* _BRIEF_
This exercise calls for retyping every line below exactly, with the images omitted.

* _STORED DATA_
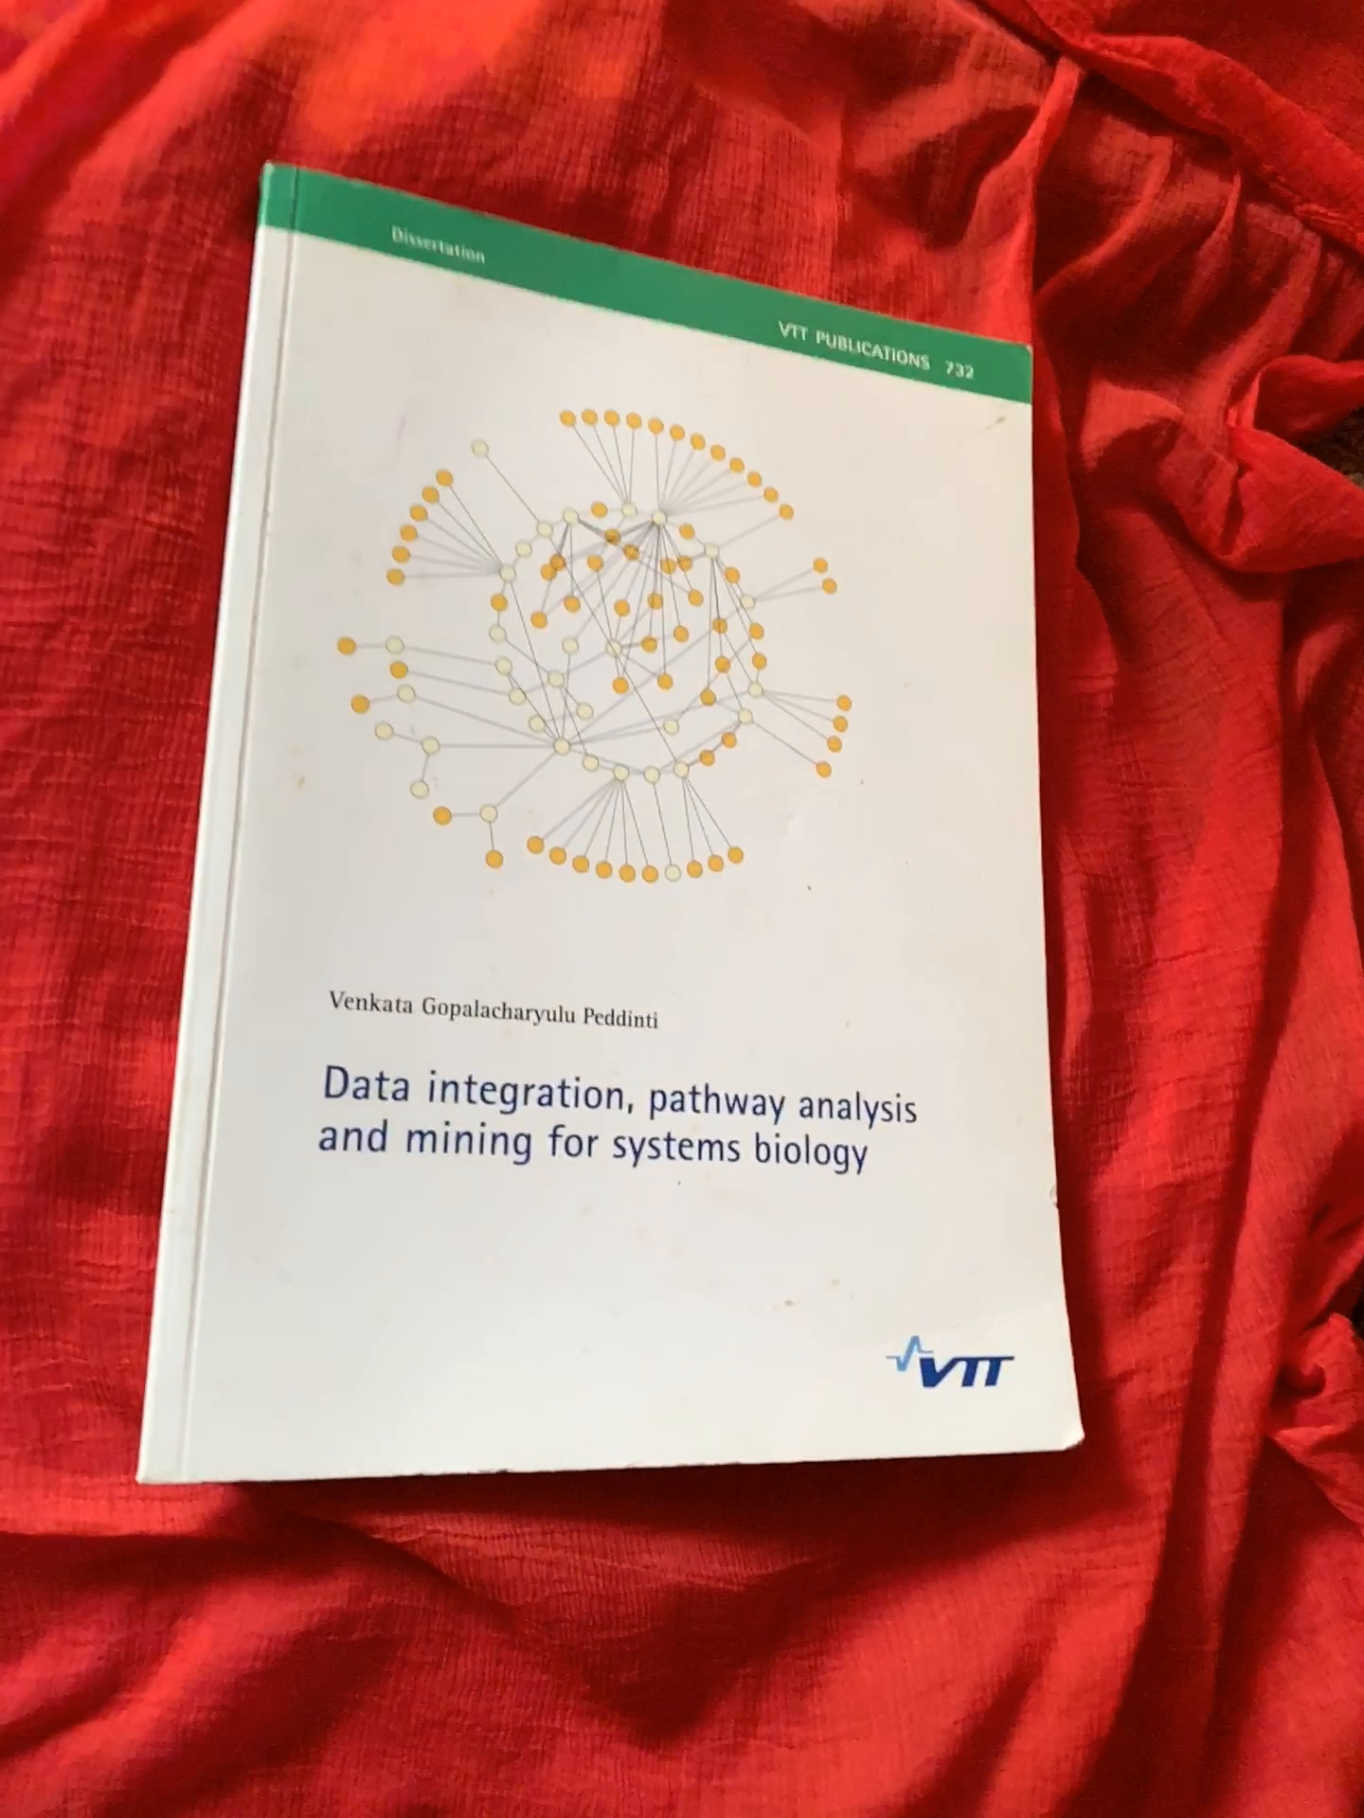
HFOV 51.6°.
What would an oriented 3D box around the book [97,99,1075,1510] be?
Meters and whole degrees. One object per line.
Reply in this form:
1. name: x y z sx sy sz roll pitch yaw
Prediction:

* _ANSWER TO THIS TASK_
HFOV 51.6°.
What would an oriented 3D box around the book [97,99,1075,1510] be?
Meters and whole degrees. One object per line.
Reply in this form:
1. name: x y z sx sy sz roll pitch yaw
Prediction:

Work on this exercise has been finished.